Figure 1.1 The Various Types of Knowledge

How Can We Study Something We Cannot See?

Learning is the psychological process by which knowledge is acquired from experience. Because we cannot observe psychological processes like learning directly, we must infer how they work by observing behavior. We study learning and other psychological processes by conducting experiments to test hypotheses about these processes.
We study psychology in order to understand why individuals do what they do. Although we can observe someone’s behavior and note regularities, there is only so much we can learn from simple observation. How many times have you had a discussion with someone about a third person’s behavior in which both of you had different explanations for what the subject of your conversation did? It is easy to come up with explanations for behavior, but it is much more difficult to come up with the correct explanation. Without some way to test an explanation, we have no way of deciding whether it is correct or not. That is why we bring individuals into the laboratory and observe them under controlled conditions. By systematically manipulating the experiences of our subjects and observing how they behave, we can test our explanations of learning and other psychological processes.

Learning and Performance

We study learning by giving individuals certain experiences and observing how those experiences change behavior. We infer what is learned by relating how given experiences lead to changes in behavior (performance).
How do we know that someone (perhaps you) has learned something? The only way to tell is by observing that person’s behavior. For example, how will your instructor assess what you have learned from reading this book? Most likely, he or she will infer what you have learned from your performance on a test. Fundamental to using test performance to measure learning are two assumptions: One assumption is that students who pay attention in class, take good notes, go home and study those notes, read and study the textbook, and reflect on the information they are exposed to in the course will learn something.
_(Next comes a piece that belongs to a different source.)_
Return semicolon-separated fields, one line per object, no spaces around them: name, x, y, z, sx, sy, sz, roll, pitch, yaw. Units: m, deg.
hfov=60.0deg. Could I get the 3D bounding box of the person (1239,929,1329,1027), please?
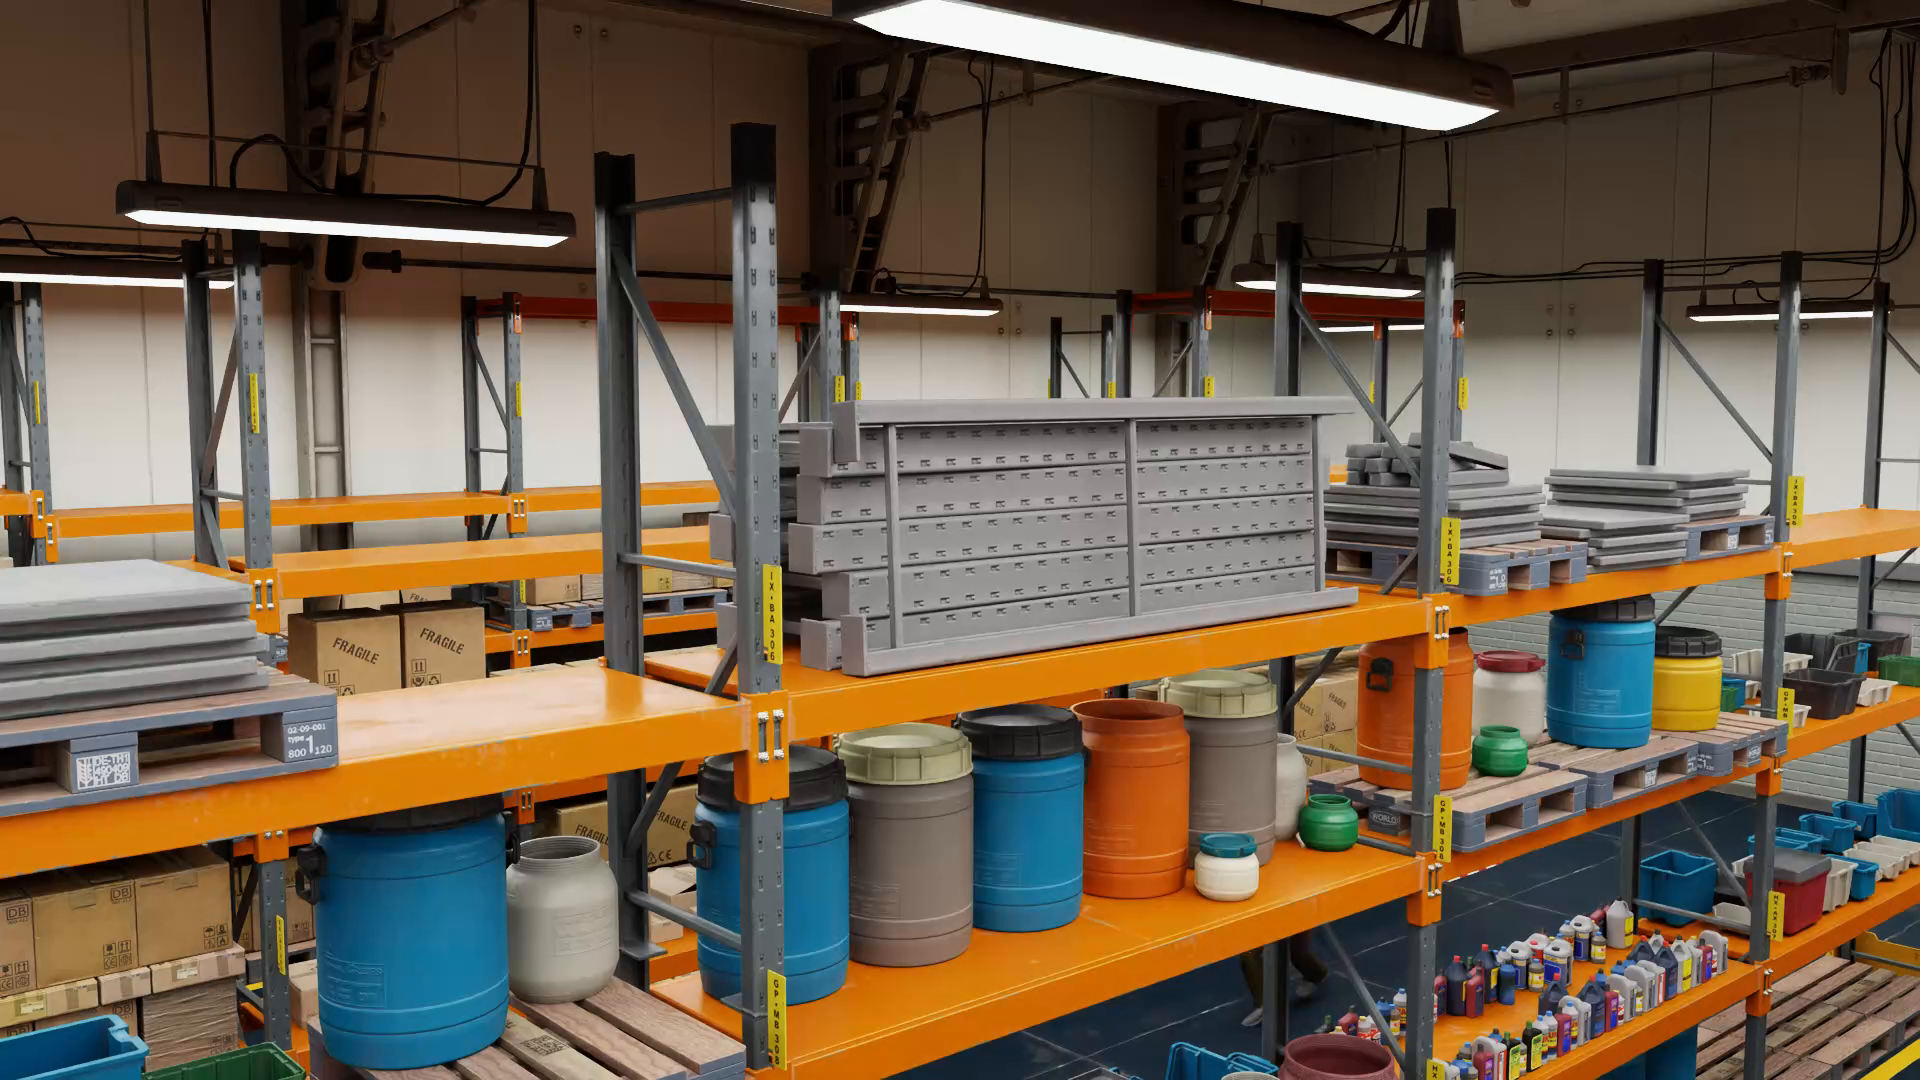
person;2.699;3.086;13.566;1.115;1.622;0.707;-4;7;-37

Even if we observe you while you are doing these things, we cannot tell whether you are learning; you may be “going through the motions” and not paying attention. (How often have you stared at a page of a textbook and not been reading it?) That leads to the second assumption: Your performance on the test reflects what you learned; that is, good grades reflect that you have learned a lot, and poor grades reflect that you did not learn much. The point is that what your instructor observes when he or she grades your test is not learning but the results of learning. Furthermore, most of us have had the experience of studying hard for a test only to receive a low score. We say we studied, and we believe we learned something, but our performance did not reflect it. We refer to this as the learning-performance problem: the only way we can study learning is by observing performance, but performance may not always reflect learning. The learning-performance problem requires us to consider carefully the tests we use to try to reveal that learning has occurred.

How We Study Learning

We study learning by giving individuals certain experiences and observing their behavior at a later point in time. We attribute long-term changes between pre- and post-experience performance to learning.
In order to study learning (which we cannot see but which may be reflected in behavior), we compare an individual’s behavior at two different points in time: We provide an individual with an experience, and then at a later time we observe the behavior of that individual again. If the behavior at that later time depends on the earlier experience, we infer that the observed change in behavior is due to learning (Rescorla & Holland, 1976). We can do this in a variety of ways: We can observe the individual before and after the initial experience (repeated measurements on the same individual) or compare those who had the experience (the experimental subjects) with those who did not have it (the control subjects). Either way, we infer that learning has occurred when an individual’s behavior at a later time is changed from what it would have been if he or she had not had the earlier experience.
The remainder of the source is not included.